= Georges-Émile Tanguay =

Canadian composer, organist, pianist, and music educator

Georges-Émile Tanguay (5 June 1893 - 24 November 1964) was a Canadian composer, organist, pianist, and music educator. An associate of the Canadian Music Centre, his compositional output is relatively small; consisting of 4 orchestral works, 4 chamber music pieces, 9 works for solo piano, 2 works for solo organ, and 4 choral works. The library at Université Laval holds many of his original manuscripts and his personal papers.

==Early life and education==
Born in Quebec City, Tanquay earned a lauréat diploma from the Académie de musique du Québec where he was a pupil of Léon J. Dessane and Joseph-Arthur Bernier. He also studied with Arthur Letondal and Romain Pelletier in Montreal. From 1912 to 1914 he studied with Louis Vierne (organ) and Félix Fourdrain (harmony) in Paris. He then lived and worked in New York City where he studied the organ with Pietro Yon and Gaston Dethier.

Tanquay returned to Paris in 1920 to study with Vincent d'Indy at the Schola Cantorum. He remained in that city for the next five years studying under Georges Caussade (harmony and counterpoint), Édouard Mignan (organ), and Simone Plé-Caussade (piano).

==Career==
Tanguay returned to Canada in 1925 to assume the post of organist at Église de l'Immaculée-Conception, Montréal. He remained there through 1945.

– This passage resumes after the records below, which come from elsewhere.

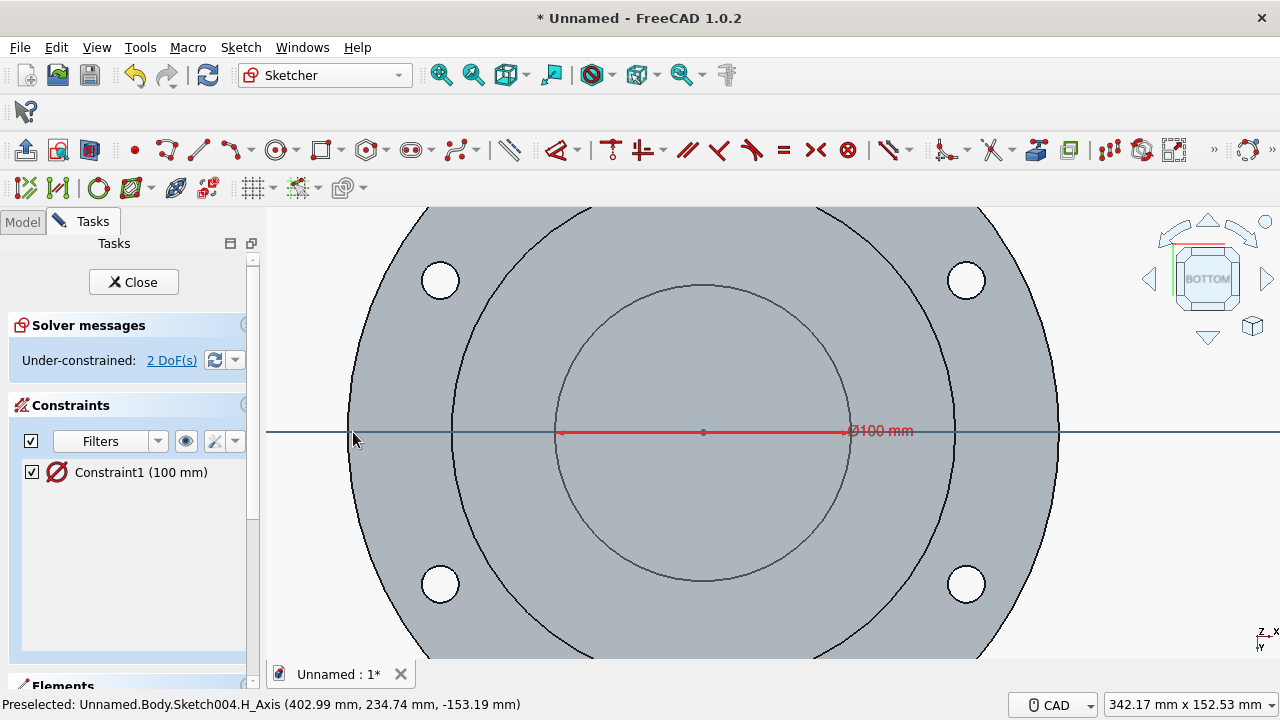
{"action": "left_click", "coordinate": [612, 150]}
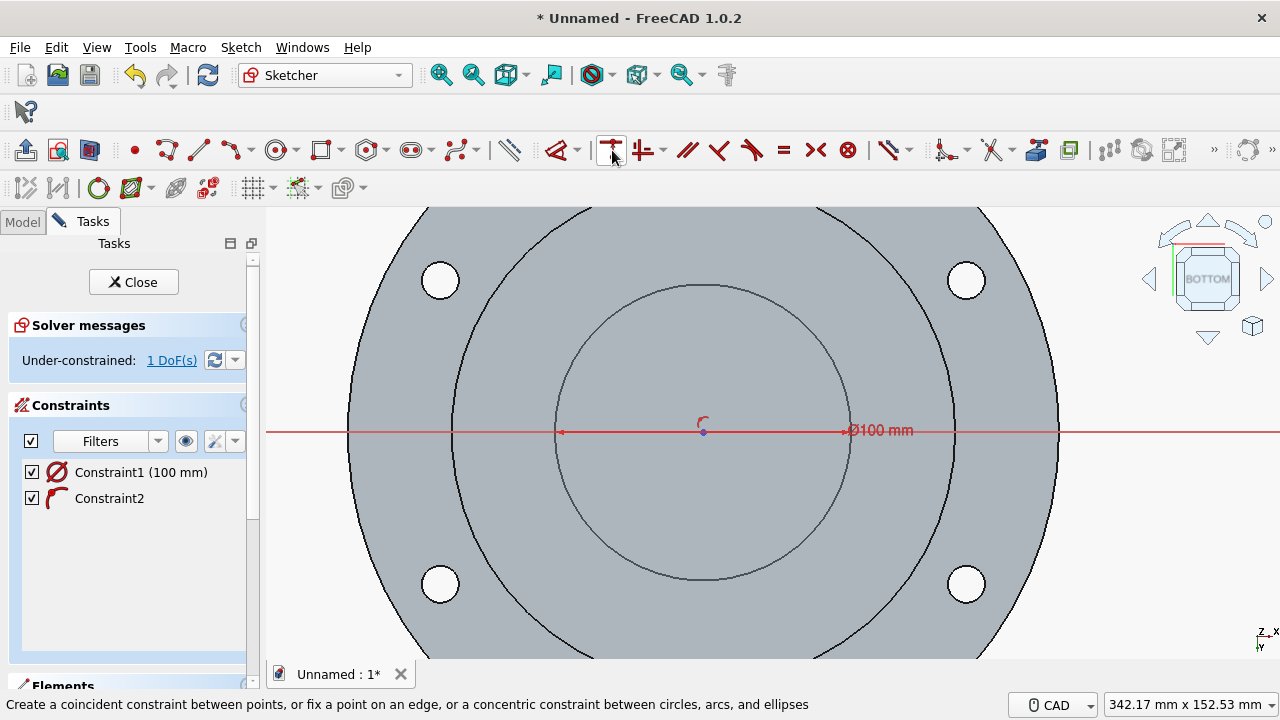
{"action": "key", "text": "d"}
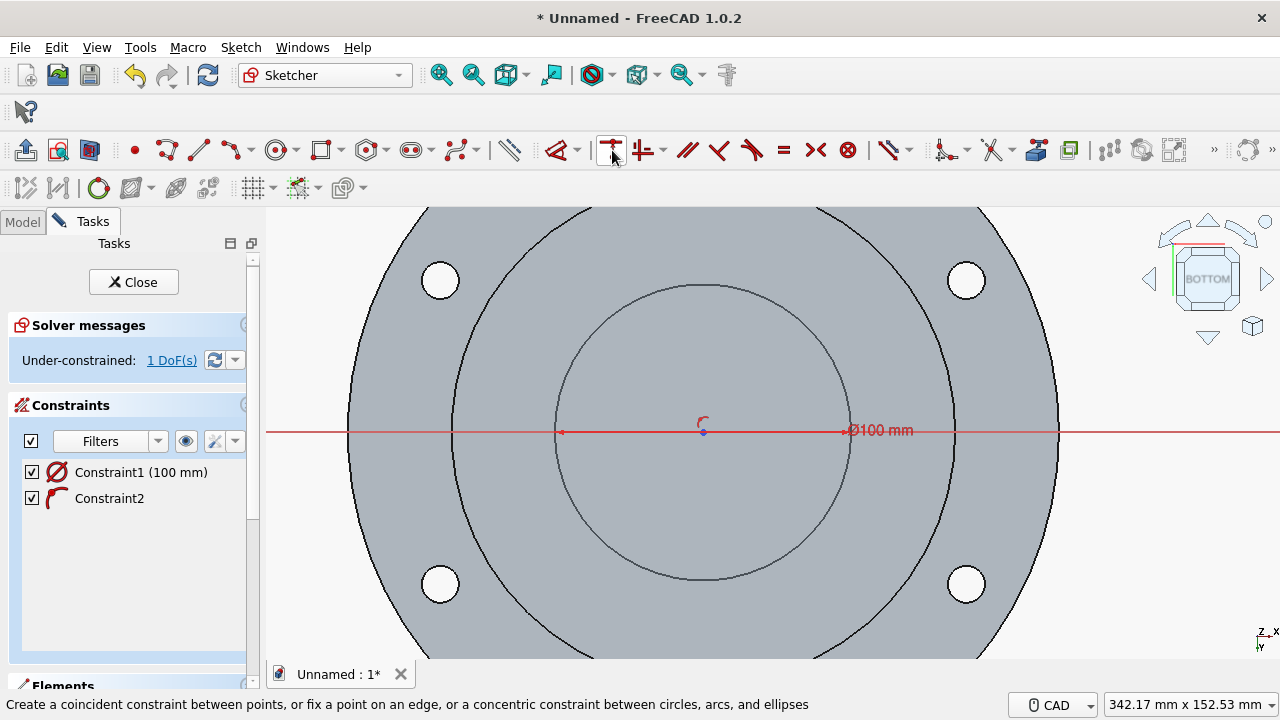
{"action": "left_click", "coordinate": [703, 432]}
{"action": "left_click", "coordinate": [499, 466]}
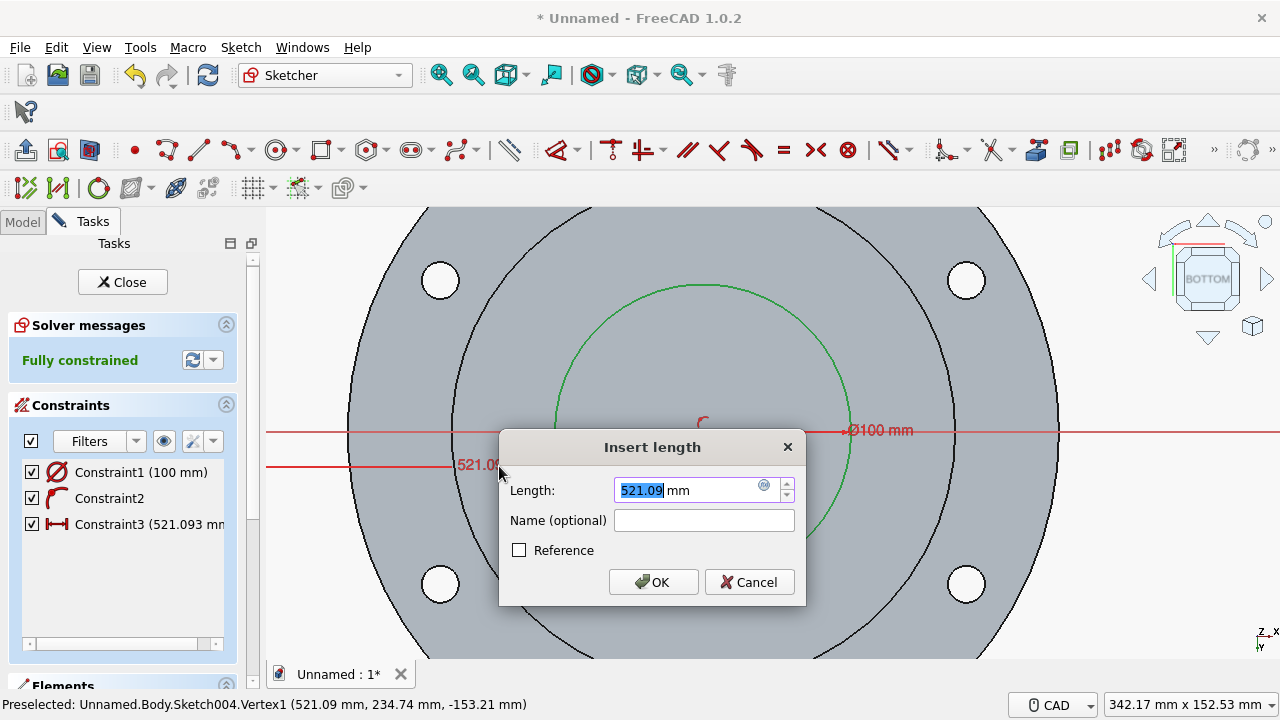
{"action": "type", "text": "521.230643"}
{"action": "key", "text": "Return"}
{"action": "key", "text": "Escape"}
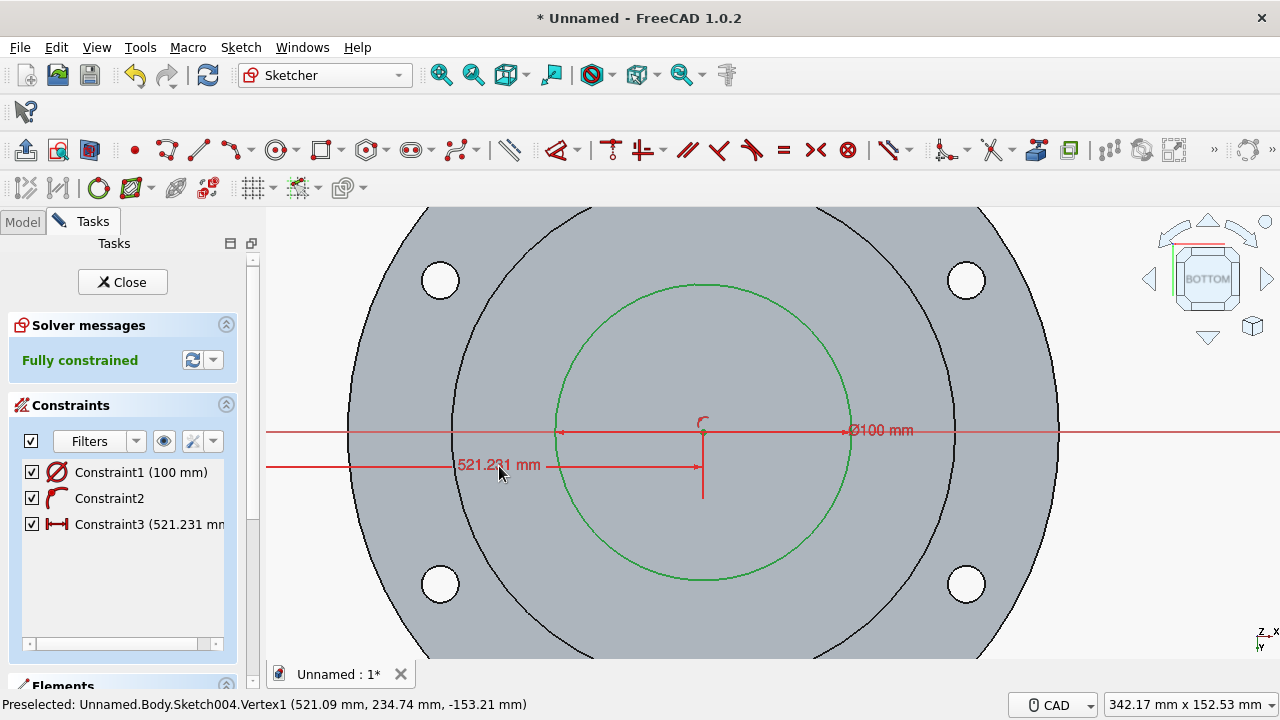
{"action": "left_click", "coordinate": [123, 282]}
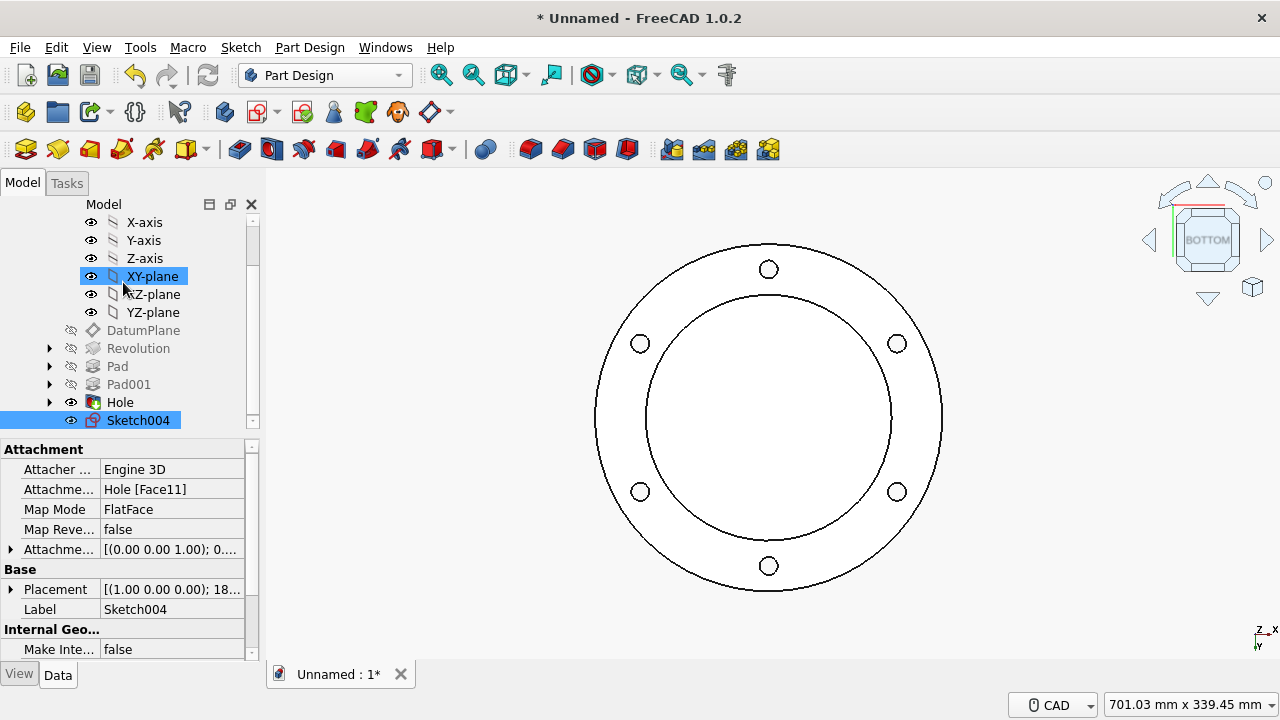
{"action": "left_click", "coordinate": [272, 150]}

As an educator, Tanguay taught privately and at a number of institutions. In the 1930s he taught at the Conservatoire national de musique. He was one of the original faculty members at the Conservatoire de musique du Québec à Montréal when the school opened in 1943. He later taught harmony and organ at the Université de Montréal. Many of his students had musical careers, including musicians Léon Bernier, Maurice Blackburn, Marcel Laurencelle, Gilberte Martin, Marcelle Martin, Magdeleine Martin, Lucien Martin, André Mérineau, Renée Morisset, and Micheline Tessier.

His works continued to be performed after his death: in 2012 his "Deuz pieces pour orchestre" was performed by the Newfoundland Symphony Orchestra.

In 2018, to mark the Canadian Sesquicentennial, a performance of Tanguay's Pavane was recorded by the Symphonova Orchestra.